The author of those words, slightly paraphrased here, is not working in the Kerry campaign. Those are the words of President Ronald Reagan, condensing the thoughts of his Secretary of Defense, Caspar Weinberger, whose original version, part of a speech he made in late 1984, included the phrase "or of our allies" after "vital national interest."

So what are we Americans doing in Najaf? Is killing the followers of a nasty Shiite preacher, killing them at the gates of the most holy shrine of Shiite Muslims all over the world, vital to the national interests of the United States and its allies?

And why is it that we are killing Shiites, the wretched of the earth in the secular Sunni Muslim country of Saddam Hussein? That is the same Saddam who murdered the father of the preacher five years ago. Was that our clear intent and realistic objective in invading Iraq? Would the American people and Congress - and our allies - have supported a $200 billion war to get a preacher, Moktada al-Sadr?

And was invasion our last resort? Even the war-maker himself, President George W. Bush, never claimed that. In the beginning, he said, it was the last resort because the United Nations had pushed hard enough to find weapons of mass destruction in Iraq. When there were no such weapons, he said Saddam was a very bad guy. That was true - and it was true 20 years ago when we were supplying him with weapons to use against Iran. But was he a great enough threat to go to war ourselves? Was killing Iraqis after the war our last resort?

"I know what I'm doing when it comes to winning this war," said Bush last Wednesday. That's good to hear.

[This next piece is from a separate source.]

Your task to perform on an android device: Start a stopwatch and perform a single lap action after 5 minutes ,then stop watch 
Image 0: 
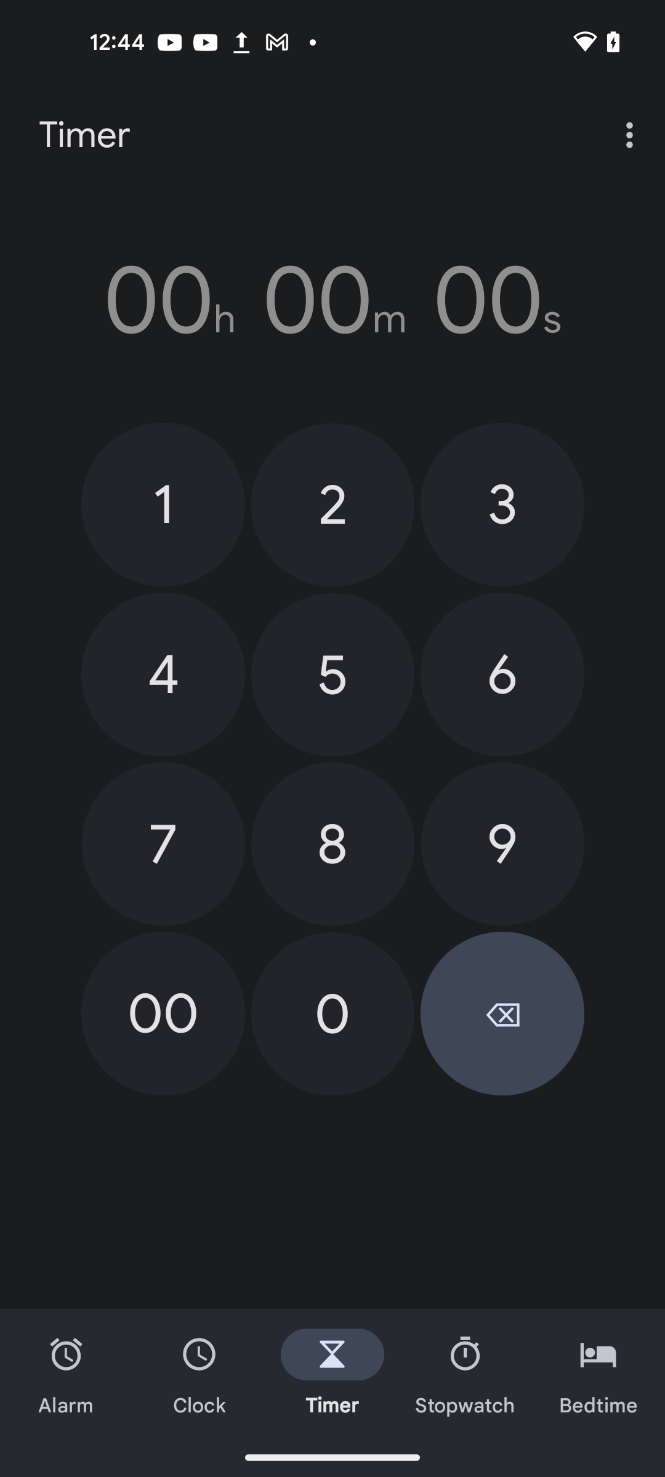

What exactly are you doing in Najaf? Killing bad guys, I guess. If that is the criteria for putting the Marines around the shrine of the Imam Ali, then we will be at war forever, everywhere.

Reagan, no "girly-man" he, began thinking hard and differently about sending young men and women into harm's way after 241 U.S. Marines on a peace-keeping mission to Lebanon were killed by a truck-bomber who crashed into their barracks near the Beirut airport in October of 1983. Seven years later in his autobiography he wrote:

"Perhaps we didn't appreciate fully enough the depth of the hatred and complexity of the problems that made the Middle East such a jungle. Perhaps the idea of a suicide car bomber committing mass murder to gain instant entry to Paradise was so foreign to our own values and consciousness that it did not create in us the concern for the Marines' safety that it should have."

Reagan pulled the Marines out five months later, saying: "In the weeks immediately after the bombing, I believed the last thing we should do was turn tail and leave. ... Yet, the irrationality of Middle Eastern politics forced us to re-think our policy there."

It was then that Reagan wrote his list of policies regarding use of the military and concluded with this: "I would recommend it to future presidents."